Оголодавший Емельянов удерживал себя, чтобы не накинуться на еду, – стеснялся хозяйки и товарищей. А они, уже отошедшие от голодухи, старались не смотреть на него. Роман Стецько рассказывал, как он чуть не искупался на рассвете в озере, оступившись на берегу. Скворцов слушал рассеянно, Емельянов кивал с набитым ртом. Про то, что хоть намеком связано с отрядом, молчок. Хозяйка – добрая душа, но бдительность – наше оружие, как повторял Павло Лобода. И обедали и ужинали втроем. При свете дня ожидали, что кто-то из партизан выйдет из лесу. Не дождались. Вечером, поужинав и уложив спать Василя, снова и снова оценивали обстановку, прикидывали, что предпринять, чтобы отряду побыстрей, как сказал Емельянов, обрести боевую форму; хозяйка не мешала: тоже отправилась на боковую, похрапывала за дощатой перегородкой. Говорили приглушенно, словно боясь полными голосами сбить пламя каганца. По столу шастали тараканы, стригли воздух вахмистрскими усищами, срываясь со стола, жирно шлепались о земляной пол. Под вечер подморозило, подсушило, в хате было прохладно.

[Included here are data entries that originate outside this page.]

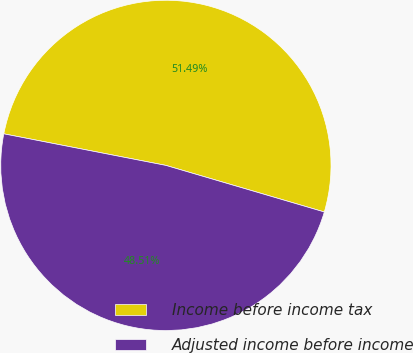Convert chart. <chart><loc_0><loc_0><loc_500><loc_500><pie_chart><fcel>Income before income tax<fcel>Adjusted income before income<nl><fcel>51.49%<fcel>48.51%<nl></chart> 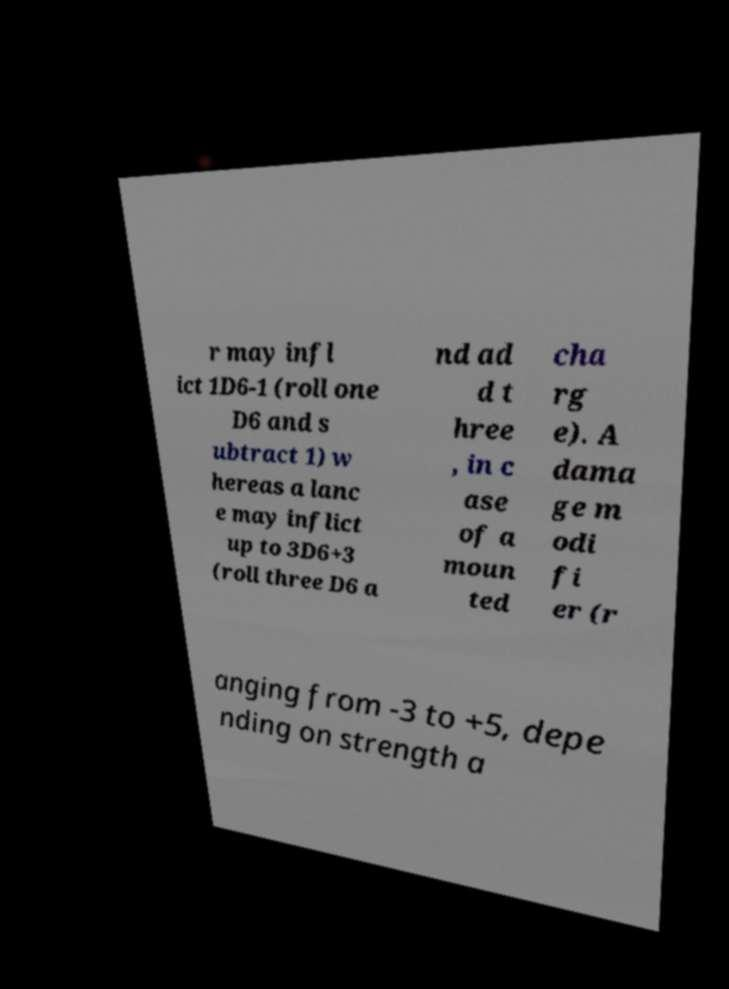Please read and relay the text visible in this image. What does it say? r may infl ict 1D6-1 (roll one D6 and s ubtract 1) w hereas a lanc e may inflict up to 3D6+3 (roll three D6 a nd ad d t hree , in c ase of a moun ted cha rg e). A dama ge m odi fi er (r anging from -3 to +5, depe nding on strength a 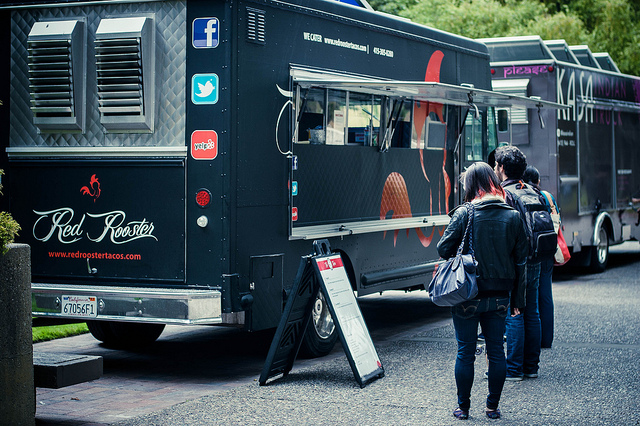Read and extract the text from this image. www.redroostertacos.com 67056F1 Red Rooster KASA YHF f

Курили на крылечке. Дождь прекратился, тучи раздергивало, очищающееся небо изрешечено звездами. Ветер не слабел, упруго толкал в грудь. Ни выстрела, ни колесного скрипа, ни бряцания оружия, ни собачьего бреха. Тишина глубокая, промороженная, сухая, могущая зазвенеть сама собой. Какая выпадает под Новый год. Не так уж далеко до него, до сорок второго. Что-то сулит, что принесет сорок второй? Предновогодняя словно тишина, и звезды – пулевые пробоины, и огоньки цигарок – как те же звезды, только земные, поярче, – все будоражило и как бы приподнимало. А как дышится! Даже не кашляешь. Холодный воздух, махорочный дымок входят в легкие и будто наполняют всего тебя неизбывной силой, и кажется, ты вечен, в тебе сохранится навсегда, что было и чего не было, что есть и чего нет. Не предашь памяти о людских страданиях – останешься человеком… К полуночи наговорились об отряде и умолкли враз, как будто отрезало. Похрапывала, ворочалась за стенкой хозяйка, постанывал Василь, выло в трубе, тараканы шмякались с потолка, стен и стола. Командиры лежали на полу, на разостланных полушубках. Можно было б вздремнуть перед тем, как идти на проверку постов.